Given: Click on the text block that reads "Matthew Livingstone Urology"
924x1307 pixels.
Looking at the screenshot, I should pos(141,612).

...

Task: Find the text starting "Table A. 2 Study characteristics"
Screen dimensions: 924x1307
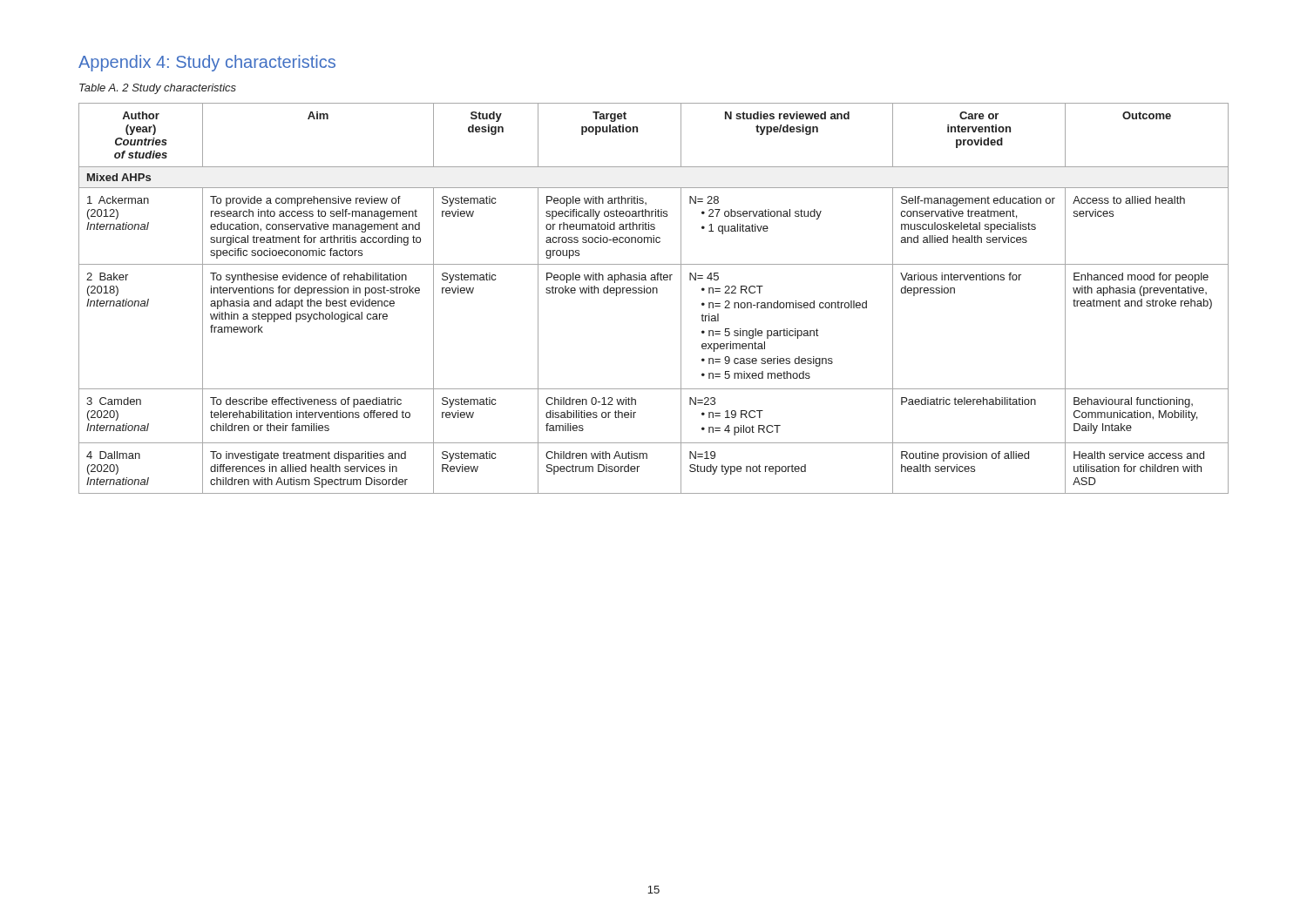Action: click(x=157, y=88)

--

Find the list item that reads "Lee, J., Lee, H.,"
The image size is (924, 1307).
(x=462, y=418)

▶ _Exercise brief_
Would you please return all lines from the listing above that contain "text"?

▶ _Result of the task_
Given: Click on the text block that reads "Matthew Livingstone Urology"
Task: Find the text starting "Table A. 2 Study characteristics"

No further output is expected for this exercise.